In Kelly’s Directories, Clack is simply referred to as a hamlet within Lyneham, until 1867, when there is reference to Clack as a “new district, formed in 1866 for ecclesiastical purposes” from parts of the parishes of Christian Malford and Lyneham, and given the formal name of Bradenstoke cum Clack. The village is entered under that name in the directories from 1880 to 1920, and, from 1923 onwards simply as Bradenstoke, with reference to it being “formerly called Bradenstoke cum Clack”

At one time the village had two public houses: the Cross Keys which is still a going concern, and the Jolly Trooper which stood on the site of an older inn, the Saracens Head, which has recently been closed. The village square has the old Market Cross and now doubles as a war memorial. 

The Augustinian Priory

The Augustinian Priory at Bradenstoke was founded in 1142 by Walter D'Evereaux, the father of the 1st Earl of Salisbury. The Priory was a victim of King Henry VIII's suppression of the Monasteries.

The Priory buildings remained intact until the late 1920's, when they were purchased by William Randolph Hearst and many of the stones from the Priory were shipped to St Donats in South Wales to rebuild the castle there. These stones form what is now known as "Bradenstoke Hall". The tithe barn which was part of the Priory buildings was dismantled and shipped to the USA. These stones were recently found in a warehouse, still in their original crates.

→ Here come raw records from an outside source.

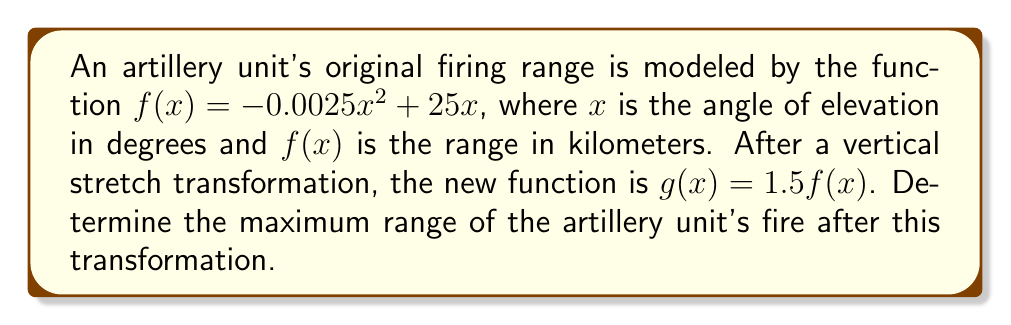Help me with this question. 1) The original function is $f(x) = -0.0025x^2 + 25x$

2) After the vertical stretch, we have $g(x) = 1.5f(x) = 1.5(-0.0025x^2 + 25x)$

3) Simplify: $g(x) = -0.00375x^2 + 37.5x$

4) To find the maximum range, we need to find the vertex of this parabola. The x-coordinate of the vertex is given by $x = -\frac{b}{2a}$, where $a$ and $b$ are the coefficients of $x^2$ and $x$ respectively.

5) $x = -\frac{37.5}{2(-0.00375)} = 5000$

6) To find the maximum range, substitute this x-value back into $g(x)$:

   $g(5000) = -0.00375(5000)^2 + 37.5(5000)$
   $= -93750 + 187500$
   $= 93750$

7) Therefore, the maximum range is 93.75 km.
Answer: 93.75 km

There are many legends about the Priory, one of which relates to "The Black Monk" who was supposed to have had an affair with an aunt of Jane Seymour, one of Henry VIII's unfortunate wives. The Abbott, on finding out about this, is reputed to have had the Monk "walled up" alive near the entrance to the Priory, in fear of the King’s anger. When the Priory was dismantled in the late 1920's, three skeletons were in fact discovered walled up in the Priory. Another legend relates to Sir John Danvers of nearby Dauntsey who was known as "The Regicide", as he sat as a Judge and signed the death warrant of King Charles I. When Charles II was returning to England after Cromwell’s death, the regicides who were alive were rounded up and executed (those already dead were disinterred and their remains placed on display). Legend has it that a Danvers family servant disinterred Sir John’s body and secretly reburied it in the grounds of the old Priory, so that he could rest in peace.

All that now remains on the original site of the Priory is the tower.

Clack Mount 

Clack Mount is a polygonal island surrounded by a ditch. It is located on Bittlesea Farm, 250m north-east of the Priory. It consists of two mounds, the smaller of which is a WWII pillbox. The other mound measures 19m in diameter at the base and is 1.5m high. This is almost certainly, in its present form, a post-medieval prospect mount. A field survey has been carried out at the Priory and Clack Mount for English Heritage for management purposes. The survey was carried out over a period of nine days at a scale of 1:1000. Features that were recorded included part of the monastic range, fish ponds and garden earthworks.